Cartilaginous fish (sharks and rays) have a more developed forebrain and olfactory lobes. Sedentary and bottom-dwelling fish have a small cerebellum and well-developed forebrain and medulla oblongata, since the sense of smell plays a significant role in their lives. Fast-swimming fish have a highly developed midbrain (optic lobes) and cerebellum (motor coordination). Weak visual lobes of the brain in deep-sea fish.

Spinal cord- continuation of the medulla oblongata.
A feature of the fish spinal cord is its ability to quickly regenerate and restore activity when damaged. The gray matter in the spinal cord of a fish is on the inside, and the white matter is on the outside.
The spinal cord is a conductor and receiver of reflex signals. Spinal nerves depart from the spinal cord, innervating the surface of the body, the trunk muscles, and through the ganglia and internal organs. The spinal cord of bony fish contains the urohypophysis, the cells of which produce a hormone involved in water metabolism.

Autonomic nervous system of fish- These are ganglia located along the spine. Ganglion cells are connected to spinal nerves and internal organs.

The connecting branches of the ganglia connect the autonomic nervous system with the central nervous system. These two systems are independent and interchangeable.

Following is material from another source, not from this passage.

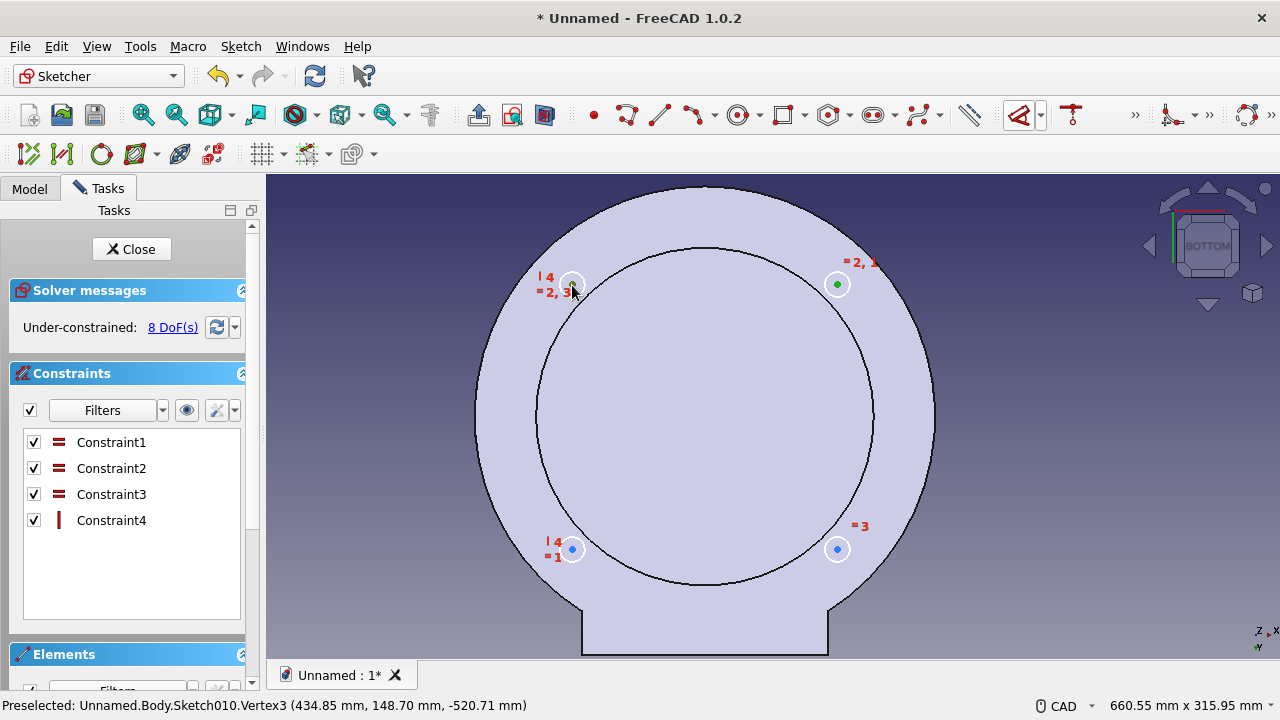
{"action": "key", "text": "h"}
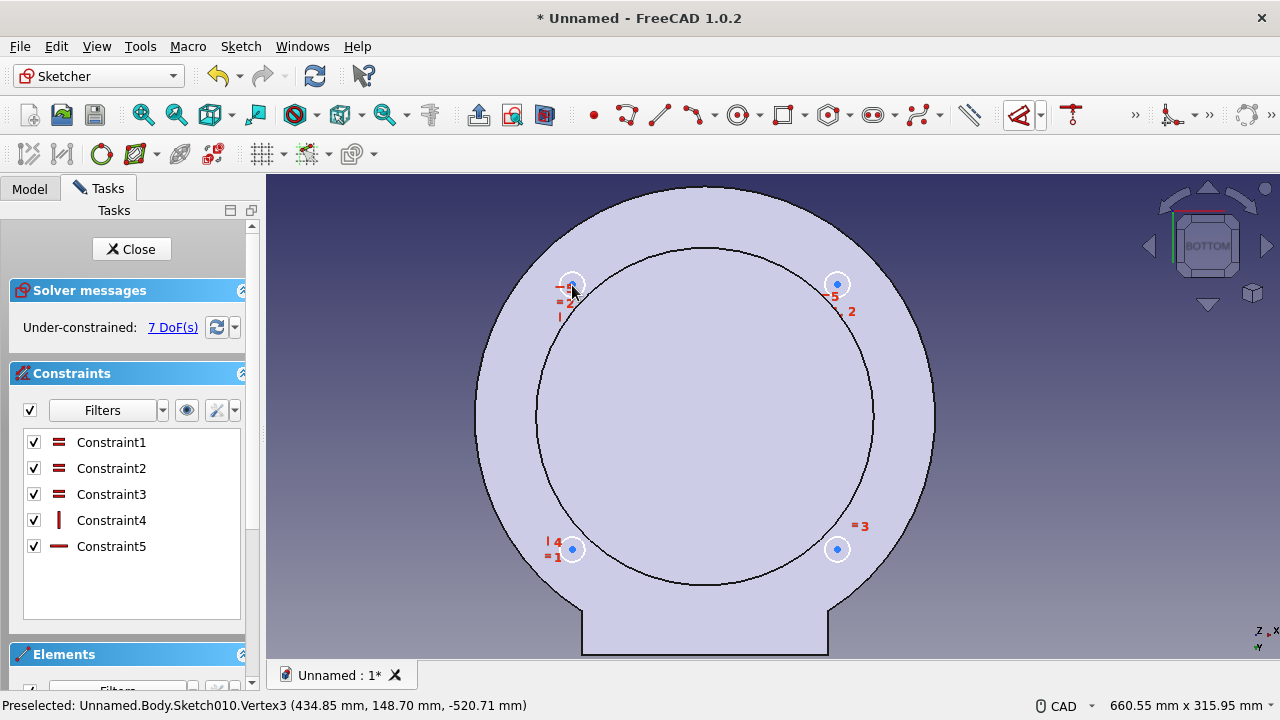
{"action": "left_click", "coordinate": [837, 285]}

One of the well-known manifestations of the nervous system of a fish is the reflex. For example, if they are always in the same place in a pond or aquarium, then they will accumulate in this particular place. In addition, fish can develop conditioned reflexes to light, shape, smell, sound, taste, and water temperature.

Fish are quite amenable to training and developing behavioral reactions in them.